We define go_build_test in actions.bzl.

def go_build_test(ctx, *, importpath, srcs, stdlib, deps, out, rundir):
  """Compiles and links a Go test executable.

  Args:
      ctx: analysis context.
      importpath: import path of the internal test archive.
      srcs: list of source Files to be compiled.
      stdlib: a GoStdLibInfo provider for the standard library.
      deps: list of GoLibraryInfo objects for direct dependencies.
      out: output executable file.
      rundir: directory the test should change to before executing.
  """
  direct_dep_infos = [d.info for d in deps]
  transitive_dep_infos = depset(transitive = [d.deps for d in deps]).to_list()

  inputs = (srcs +
            stdlib.files.to_list() +
            [d.archive for d in direct_dep_infos] +
            [d.archive for d in transitive_dep_infos])

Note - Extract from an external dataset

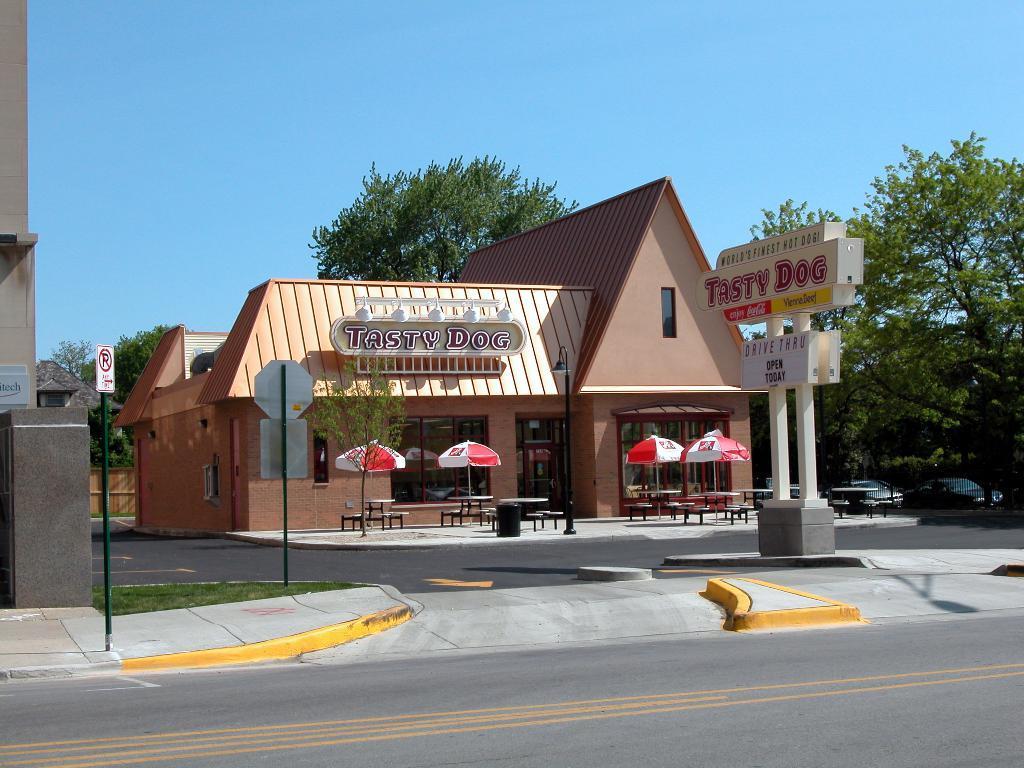How would you summarize this image in a sentence or two? In this image, we can see some houses. We can see the ground. We can also see some tables, chairs, umbrellas, trees. We can see some grass and the fence. We can also see some poles. Among them, we can see some poles with sign boards. We can also see the sky. We can also see some boards with text. 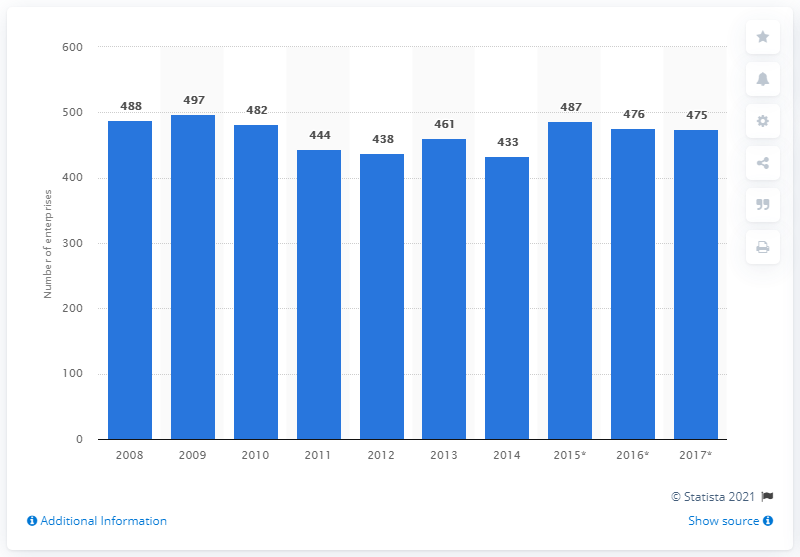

  args = ctx.actions.args()
  args.add("test")
  args.add("-stdimportcfg", stdlib.importcfg)
  args.add_all(direct_dep_infos, before_each = "-direct", map_each = _format_arc)
  args.add_all(transitive_dep_infos, before_each = "-transitive", map_each = _format_arc)
  if rundir != "":
      args.add("-dir", rundir)
  if importpath != "":
      args.add("-p", importpath)
  args.add("-o", out)
  args.add_all(srcs)

  ctx.actions.run(
      outputs = [out],
      inputs = inputs,
      executable = ctx.executable._builder,
      arguments = [args],
      mnemonic = "GoTest",
      use_default_shell_env = True,
  )

This is the first time we've declared an action with ctx.actions.run instead of ctx.actions.run_shell. The usage of these two functions is quite different, though they take many of the same arguments. run tells Bazel to invoke a command directly without interpreting it through the shell. This is more efficient, less error-prone (no need for quoting), and less OS-specific, so you should prefer run over run_shell whenever possible. In our case, we still need run_shell to build the standard library and bootstrap our builder binary, but we'll avoid it for everything else.

We are using Args (obtained from ctx.actions.args) to build our argument list. There are a couple advantages to using Args instead of building a list of strings. First, there are several conveniences: you don't have to convert Files to strings, and there are useful facilities for formatting lists of options. Second, if you pass a directory (created with ctx.actions.declare_directory to Args.add_all, the files within the directory will be expanded as individual arguments (assuming expand_directories = True, which it is by default). Third, if you pass a depset to Args.add_all, Bazel won't iterate the depset unless the action is actually executed. This can improve Bazel's performance for builds with very large dependency graphs. If an action is cached, there's no need to construct its command line.

Conclusion

That pretty much wraps it up. Again, I tried to focus on the Bazel rule infrastructure here, so if you're looking for Go-specific details, check out the code in the builder directory. You can see some examples of these Go rules being used in //tests.

To summarize, a good set of Bazel rules should do as much work in the execution phase as possible. The purpose of the analysis phase is to declare files and actions. Rules written in Starlark should do just that with minimal logic. If you notice rules declaring unnecessary files (e.g., internal temporary files) or unnecessary actions (e.g., multiple actions that always execute together), try to consolidate. Simplifying Starlark rules will speed up analysis and will leverage remote caching and execution.

A note on rules_go

rules_go does not currently follow the advice above. It has very complicated logic in some places, especially around cgo (handling C and Go code mixed together, compiled separately). This is mostly a consequence of us trying to implement things that Bazel didn't quite support yet (e.g., C compilation from Starlark rules). Keep this in mind if you're using rules_go as a template for more advanced rule sets.

I'm hoping to get it into better shape in the near future. rules_go_simple is not only a useful example for this blog; it's a prototype for changes I want to make in rules_go in the future.